SuaraPemerintah.ID – Presiden terpilih Prabowo Subianto berkomitmen untuk mewujudkan swasembada energi di Indonesia selama masa kepemimpinannya. Salah satu langkah strategis yang akan ditempuh adalah dengan memperluas penggunaan bahan bakar biodiesel ramah lingkungan melalui program mandatori biodiesel hingga 100% (B100).
Prabowo menegaskan pentingnya menghentikan ketergantungan Indonesia pada impor bahan bakar minyak (BBM), terutama dalam menghadapi risiko kenaikan harga minyak global yang dipicu oleh konflik di Timur Tengah.
“Kita harus swasembada energi. Kita tidak bisa lagi tergantung impor bahan bakar kalau terjadi krisis,” kata Prabowo dalam acara BNI Investor Daily Summit, dikutip Kamis (10/10/2024).

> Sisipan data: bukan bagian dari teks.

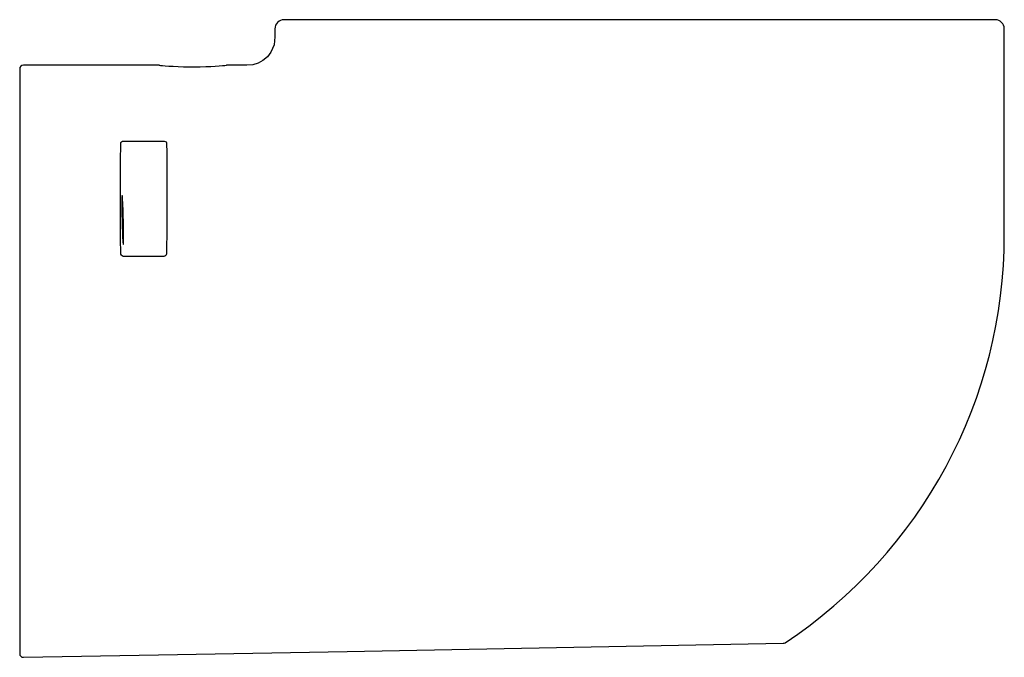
# Model space of a CAD drawing. Header units: millimetres. Extents: x 0 to 0.54, y 0.05 to 0.4.
import ezdxf

# ---------------------------------------------------------------- set-up
doc = ezdxf.new("R2010")
doc.units = ezdxf.units.MM
doc.layers.add('BLOCKS', color=3, linetype='Continuous')

msp = doc.modelspace()

# ---------------------------------------------------------------- linework, layer by layer
at = {"layer": 'BLOCKS'}
for p, q in [((0.1839647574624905, 0.3999999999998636), (0.1450002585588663, 0.3999999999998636)), ((0.3524610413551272, 0.3999999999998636), (0.1839647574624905, 0.3999999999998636)), ((0.5350000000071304, 0.3999999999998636), (0.3524610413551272, 0.3999999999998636)), ((0, 0.3730006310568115), (0, 0.3425113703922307)), ((0, 0.3425113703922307), (0, 0.1604431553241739)), ((0.05740708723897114, 0.3333993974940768), (0.078592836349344, 0.333397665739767)), ((0.07865481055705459, 0.2700008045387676), (0.05734495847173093, 0.2700008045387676)), ((0, 0.1604431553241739), (0, 0.05203853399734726)), ((0.179616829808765, 0.05326440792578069), (0.418685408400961, 0.0577326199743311)), ((0.002037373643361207, 0.05003888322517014), (0.07619026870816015, 0.05133135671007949)), ((0.07618770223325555, 0.0513313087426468), (0.1796193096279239, 0.05326445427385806))]:
    msp.add_line(p, q, dxfattribs=at)
at = {"layer": 'BLOCKS', "flags": 128}
for points in [[(0.1400002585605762, 0.3949998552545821), (0.1400050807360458, 0.3906019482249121), (0.1395183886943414, 0.3862201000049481), (0.1377781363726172, 0.3821443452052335), (0.135820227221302, 0.3796156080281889), (0.133382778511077, 0.3775613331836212), (0.1307167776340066, 0.3761280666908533), (0.1278075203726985, 0.3752604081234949), (0.1245961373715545, 0.3749954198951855), (0.1210438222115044, 0.3750000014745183), (0.1190740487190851, 0.3749999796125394), (0.1168415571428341, 0.3749999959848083), (0.1153126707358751, 0.3749999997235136), (0.1134999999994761, 0.3749999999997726)], [(0.5400030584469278, 0.2813698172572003), (0.5400033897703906, 0.289983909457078), (0.5400029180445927, 0.3061402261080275), (0.5400000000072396, 0.3950000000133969)], [(0.07650000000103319, 0.3749999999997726), (0.0626901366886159, 0.3749999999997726), (0.04887862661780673, 0.3749999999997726), (0.03506794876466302, 0.3749999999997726), (0.0212376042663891, 0.375000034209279), (0.002000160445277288, 0.3750006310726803)], [(0.07650000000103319, 0.3749999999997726), (0.07650000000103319, 0.3750000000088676), (0.07660744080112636, 0.3749900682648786), (0.07720315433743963, 0.3749347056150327), (0.07829914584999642, 0.3748375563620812), (0.07986667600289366, 0.3747088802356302), (0.08185874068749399, 0.3745634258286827), (0.08423199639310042, 0.3744168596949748), (0.08691148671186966, 0.3742858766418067), (0.08982267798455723, 0.3741860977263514), (0.09288241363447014, 0.3741278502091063), (0.09598716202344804, 0.3741190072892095), (0.09906378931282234, 0.3741588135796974), (0.1020248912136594, 0.3742440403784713), (0.1047869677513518, 0.3743638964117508), (0.1072781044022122, 0.3745061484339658), (0.1094226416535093, 0.3746540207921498), (0.111163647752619, 0.3747914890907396), (0.1124472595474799, 0.3749028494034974), (0.1132330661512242, 0.3749748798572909), (0.1134999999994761, 0.3749999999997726)], [(0.05539568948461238, 0.2719565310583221), (0.05534048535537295, 0.2793087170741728), (0.05529838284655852, 0.2864857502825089), (0.0552559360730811, 0.2990242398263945), (0.05525775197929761, 0.3107962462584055), (0.05530585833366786, 0.3220232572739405), (0.05540016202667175, 0.332277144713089)], [(0.05540016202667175, 0.332277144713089), (0.05551840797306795, 0.3326724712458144), (0.05584901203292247, 0.3330100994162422), (0.05635515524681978, 0.3332554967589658), (0.05698024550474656, 0.3333843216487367), (0.05740708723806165, 0.3333993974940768)], [(0.078592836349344, 0.333397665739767), (0.07925668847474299, 0.3333500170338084), (0.0798459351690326, 0.3331764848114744), (0.08029442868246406, 0.3328933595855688), (0.08055089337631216, 0.3325290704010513), (0.08059971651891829, 0.3322743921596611)], [(0.08059971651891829, 0.3322743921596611), (0.08065549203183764, 0.3269551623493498), (0.08069838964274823, 0.3213396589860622), (0.08074276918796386, 0.3103765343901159), (0.08074298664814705, 0.2985703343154), (0.08069683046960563, 0.2856210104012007), (0.0806040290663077, 0.2719565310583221)], [(0.05602234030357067, 0.2985859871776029), (0.05602876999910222, 0.2967513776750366), (0.05604788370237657, 0.2947332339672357), (0.05607916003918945, 0.2925866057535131), (0.05612174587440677, 0.2903700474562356), (0.05617447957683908, 0.288144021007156), (0.05623592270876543, 0.2859692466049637), (0.05630439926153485, 0.2839050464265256), (0.05637804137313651, 0.2820077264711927), (0.05645484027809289, 0.2803290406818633), (0.05653270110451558, 0.2789147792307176), (0.05660950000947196, 0.2778035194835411), (0.05668314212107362, 0.2770255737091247), (0.05675161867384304, 0.2766021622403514), (0.05681306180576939, 0.276544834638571), (0.0568657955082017, 0.2768551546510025), (0.05690838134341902, 0.2775246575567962), (0.0569396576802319, 0.2785350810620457), (0.05695877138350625, 0.2798588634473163), (0.0569652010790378, 0.2814598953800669), (0.05695877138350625, 0.2832945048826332), (0.0569396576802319, 0.285312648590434), (0.05690838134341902, 0.2874592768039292), (0.0568657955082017, 0.2896758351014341), (0.05681306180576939, 0.2919018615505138), (0.05675161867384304, 0.2940766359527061), (0.05668314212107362, 0.2961408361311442), (0.05660950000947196, 0.2980381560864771), (0.05653270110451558, 0.2997168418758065), (0.05645484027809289, 0.3011311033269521), (0.05637804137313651, 0.3022423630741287), (0.05630439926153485, 0.303020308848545), (0.05623592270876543, 0.303443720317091), (0.05617447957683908, 0.3035010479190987), (0.05612174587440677, 0.3031907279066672), (0.05607916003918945, 0.3025212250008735), (0.05604788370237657, 0.301510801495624), (0.05602876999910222, 0.3001870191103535), (0.05602234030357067, 0.2985859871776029)], [(0.05734495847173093, 0.2700008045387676), (0.05683086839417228, 0.2700683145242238), (0.05673828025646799, 0.2700956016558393), (0.05620300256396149, 0.2703646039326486), (0.05577697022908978, 0.2707833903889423), (0.05548941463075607, 0.2713440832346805), (0.05539568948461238, 0.2719565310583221)], [(0.0806040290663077, 0.2719565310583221), (0.08047429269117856, 0.2712417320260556), (0.08007592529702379, 0.2706081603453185), (0.07966263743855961, 0.2702768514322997), (0.07949524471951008, 0.2701877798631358), (0.07902832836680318, 0.2700360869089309), (0.0788603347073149, 0.270011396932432), (0.07865481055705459, 0.2700008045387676)]]:
    msp.add_lwpolyline(points, dxfattribs=at)
at = {"layer": 'BLOCKS'}
for centre, radius, start, end in [((0.1450002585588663, 0.3949999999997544), 0.005000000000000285, 90, 180.0016586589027), ((0.5350000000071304, 0.3949999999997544), 0.005, 1.551451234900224e-07, 90), ((0.002000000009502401, 0.3730006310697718), 0.002000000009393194, 90, 180.0000003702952), ((0.272022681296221, 0.2816481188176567), 0.2679805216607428, 303.4537376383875, 0.05509495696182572), ((0.4186480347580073, 0.05973227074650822), 0.002, 271.0707383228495, 303.4537376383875), ((0.002000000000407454, 0.05203853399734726), 0.00200000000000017, 180, 271.0707383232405)]:
    msp.add_arc(centre, radius, start, end, dxfattribs=at)

doc.saveas('drawing.dxf')

Menurut Prabowo, potensi konflik antara Israel dan Iran bisa berdampak pada stabilitas pasokan energi global. Kondisi tersebut tentunya akan mengancam pasokan energi dan melambungnya harga minyak mentah global.
Ia membeberkan bahwa Israel diprediksi akan menyerang ladang minyak Iran, yang bisa memicu Iran untuk membalas dengan serangan ke ladang minyak negara-negara sekutu Amerika Serikat. Misalnya seperti Arab Saudi, Kuwait, dan Bahrain.
“Sekarang Israel diramal serang ladang-ladang minyak Iran, Iran katakan kalau ladang minyak dan gas diserang mereka balas serang ladang minyak gas sekutu-sekutu Amerika,” ujarnya.
Oleh sebab itu, ia menekankan bahwa kebutuhan bahan bakar di dalam negeri harus bisa dipenuhi dari sumber daya nabati yang tersedia. Apalagi Indonesia memiliki peluang besar dengan teknologi yang mampu memproduksi solar dari kelapa sawit, bahkan hingga mencapai B100.
“Sekarang ada teknologi kita bisa bikin solar dari kelapa sawit bahkan tidak hanya B35 B50 kita bisa bikin B100 bensin bisa juga dari kelapa sawit,” katanya.